→ **Task**: Using the entries that follow, write out the line containing "Answer: 4 What", the line containing "Answer: Ensemble", and every line between them, exactly and nothing else.

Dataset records
________________________________________

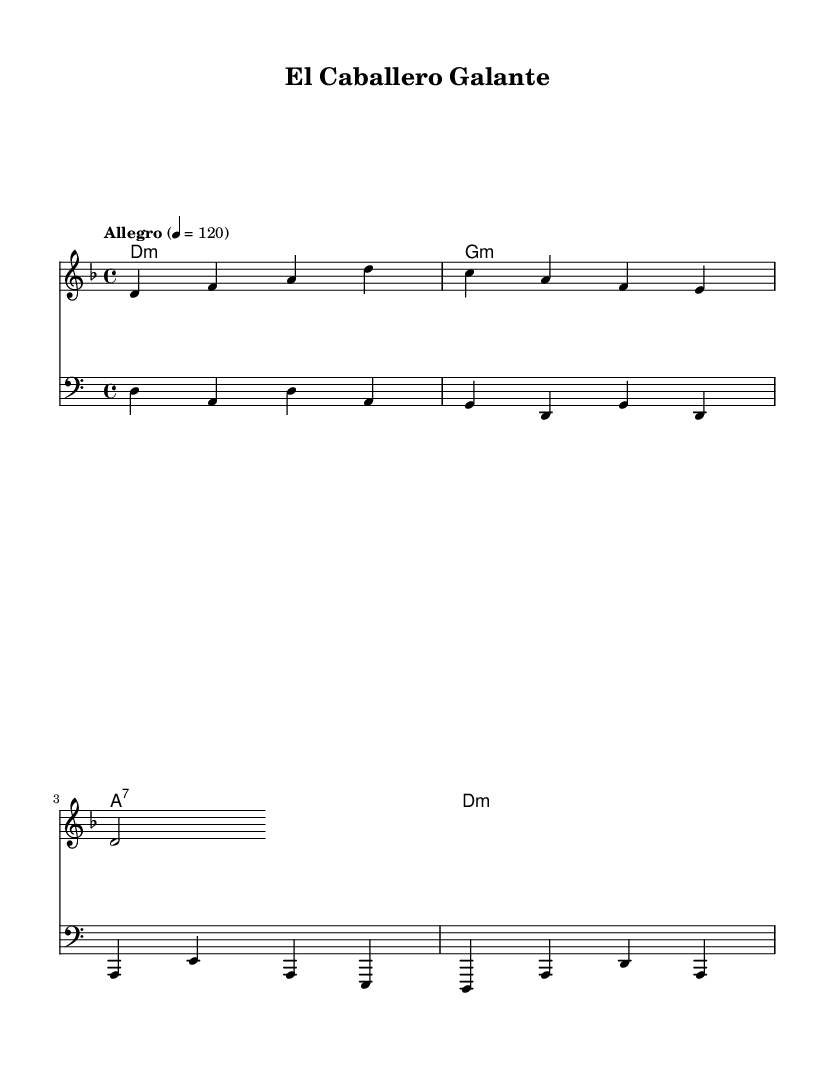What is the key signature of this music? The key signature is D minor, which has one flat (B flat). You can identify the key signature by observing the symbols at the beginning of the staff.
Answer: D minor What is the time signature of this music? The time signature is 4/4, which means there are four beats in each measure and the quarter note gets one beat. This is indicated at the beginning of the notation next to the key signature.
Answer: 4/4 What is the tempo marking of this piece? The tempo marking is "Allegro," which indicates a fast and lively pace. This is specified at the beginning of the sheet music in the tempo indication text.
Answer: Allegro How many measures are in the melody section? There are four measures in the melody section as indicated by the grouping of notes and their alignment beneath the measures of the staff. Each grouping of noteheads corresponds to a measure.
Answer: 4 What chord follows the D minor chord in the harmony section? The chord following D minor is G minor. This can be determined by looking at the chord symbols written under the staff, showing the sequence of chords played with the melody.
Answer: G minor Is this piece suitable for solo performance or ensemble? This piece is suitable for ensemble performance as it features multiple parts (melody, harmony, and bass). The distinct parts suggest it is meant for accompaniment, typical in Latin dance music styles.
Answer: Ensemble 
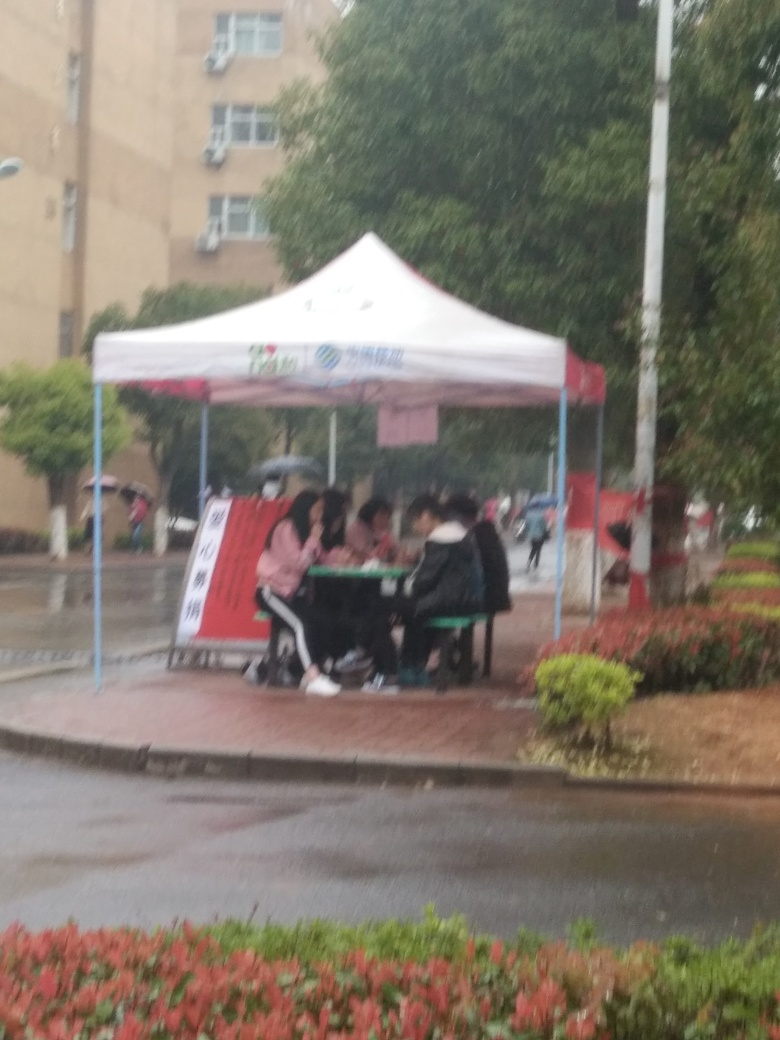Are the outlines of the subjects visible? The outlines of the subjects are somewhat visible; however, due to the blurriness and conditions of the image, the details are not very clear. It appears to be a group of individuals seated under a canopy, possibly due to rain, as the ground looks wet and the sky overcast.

________________________________________

→ **Result**:
Answer: 4 What chord follows the D minor chord in the harmony section? The chord following D minor is G minor. This can be determined by looking at the chord symbols written under the staff, showing the sequence of chords played with the melody.
Answer: G minor Is this piece suitable for solo performance or ensemble? This piece is suitable for ensemble performance as it features multiple parts (melody, harmony, and bass). The distinct parts suggest it is meant for accompaniment, typical in Latin dance music styles.
Answer: Ensemble 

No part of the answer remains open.